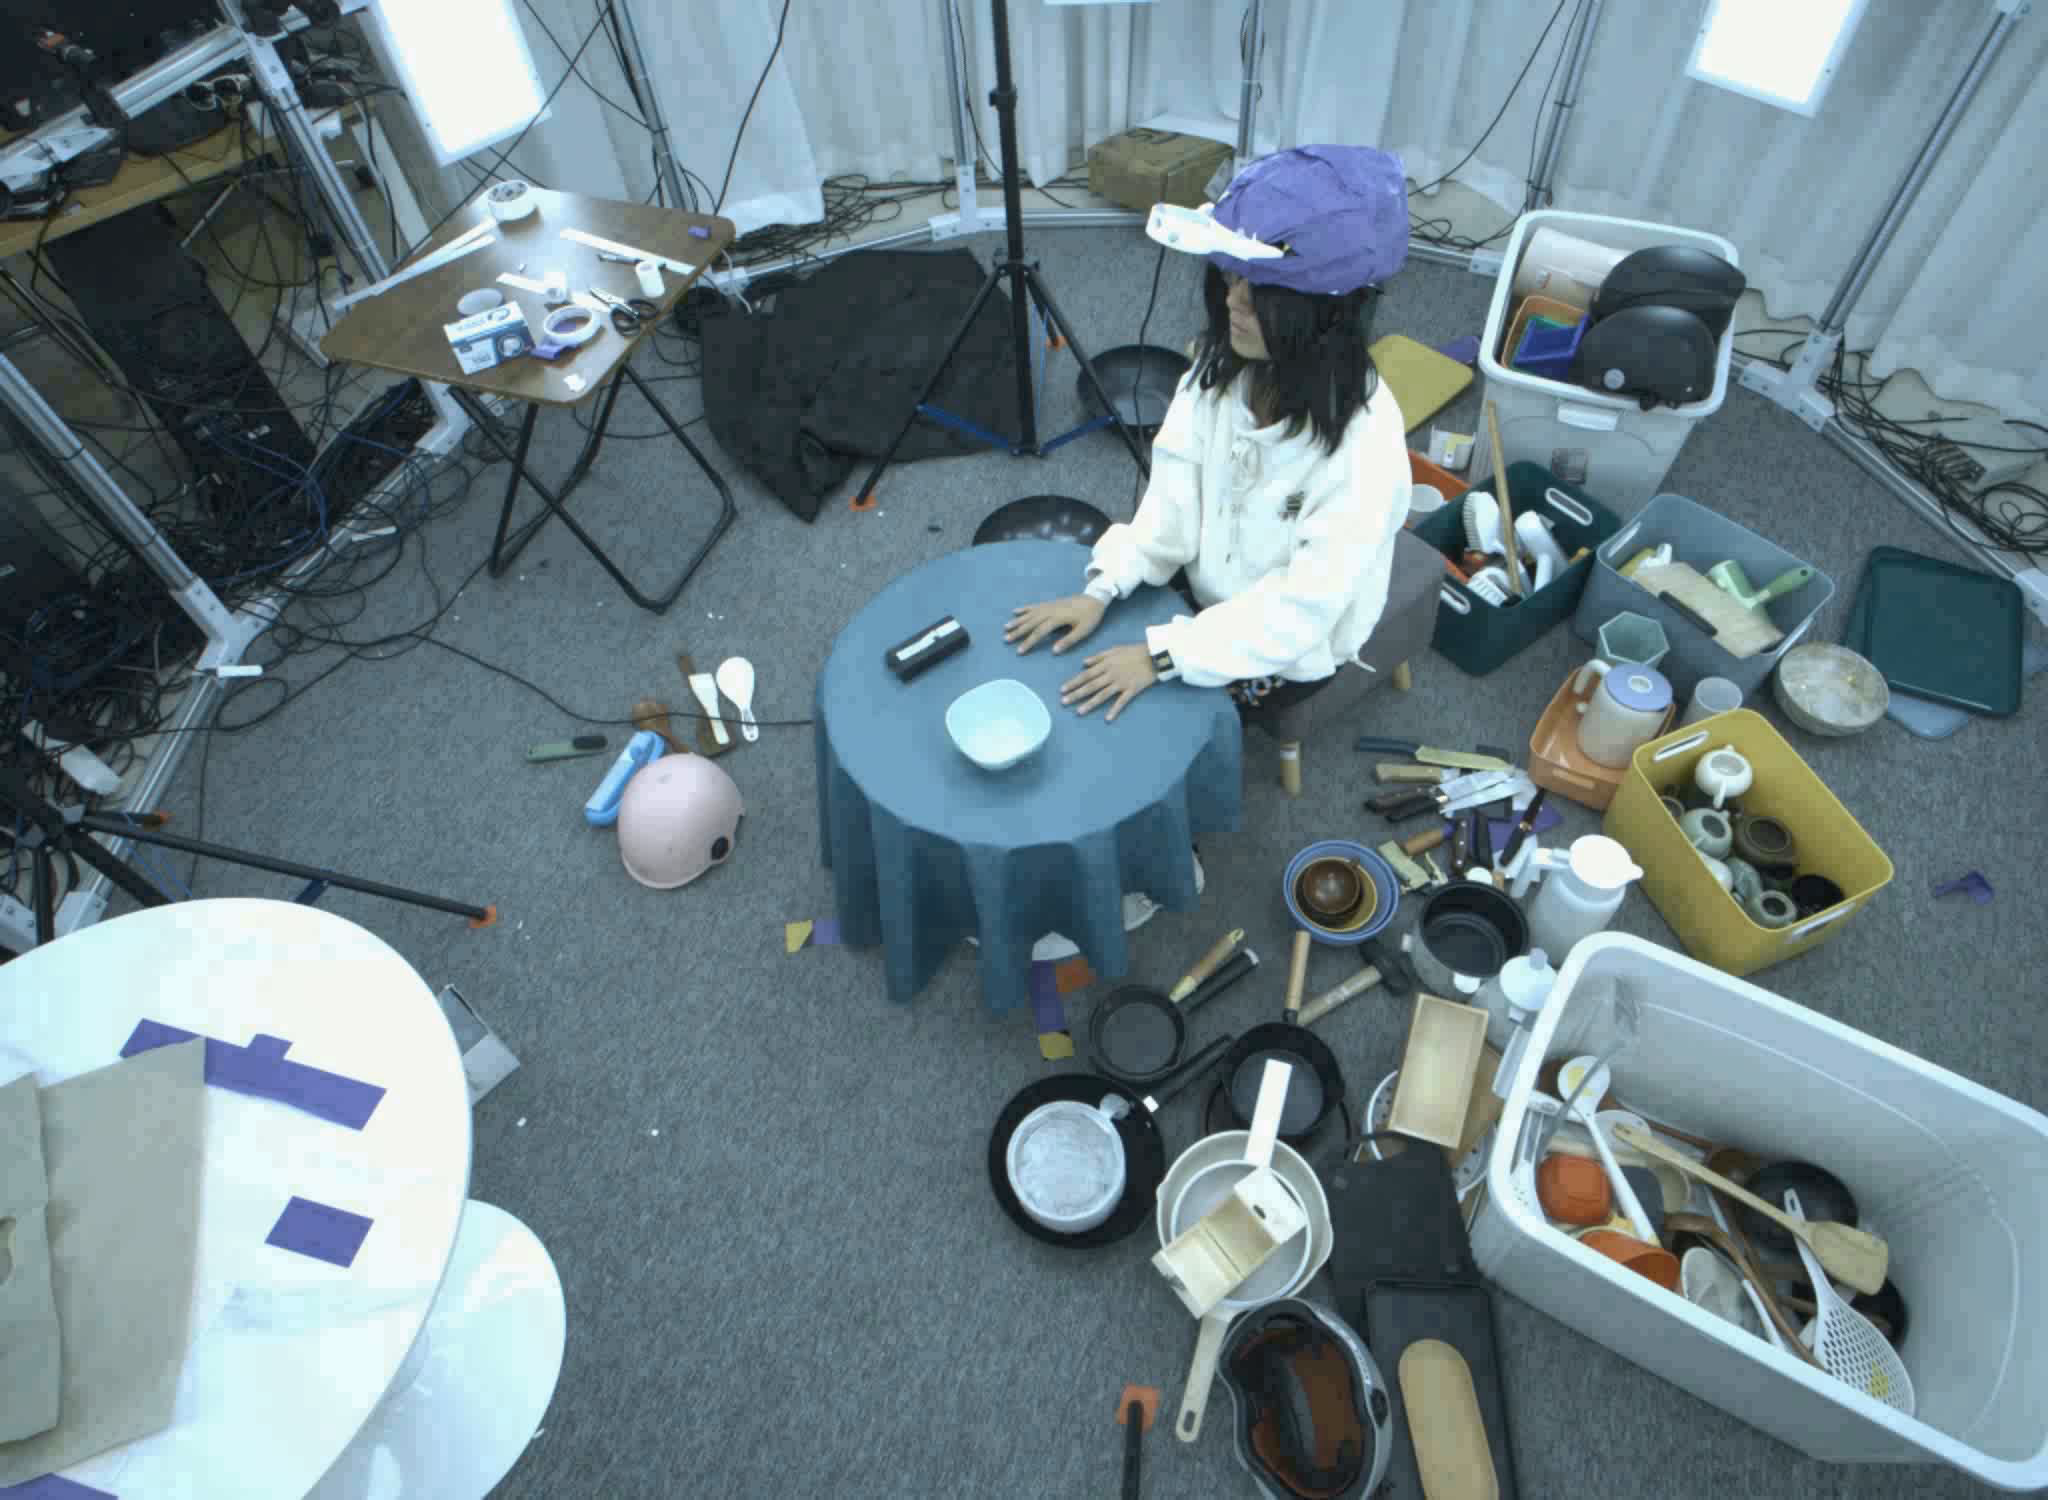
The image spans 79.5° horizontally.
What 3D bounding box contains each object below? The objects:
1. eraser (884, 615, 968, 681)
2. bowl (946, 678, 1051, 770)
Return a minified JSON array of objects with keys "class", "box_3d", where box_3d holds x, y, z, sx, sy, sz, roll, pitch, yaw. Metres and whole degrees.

━━━━━━━━━━━━━━━━━━━━

Set down all of the data word for word; no pictures belong in it.

SOLUTION FOR THIS TASK>
The image spans 79.5° horizontally.
What 3D bounding box contains each object below? The objects:
1. eraser (884, 615, 968, 681)
2. bowl (946, 678, 1051, 770)
Return a minified JSON array of objects with keys "class", "box_3d", where box_3d holds x, y, z, sx, sy, sz, roll, pitch, yaw. Metres and whole degrees.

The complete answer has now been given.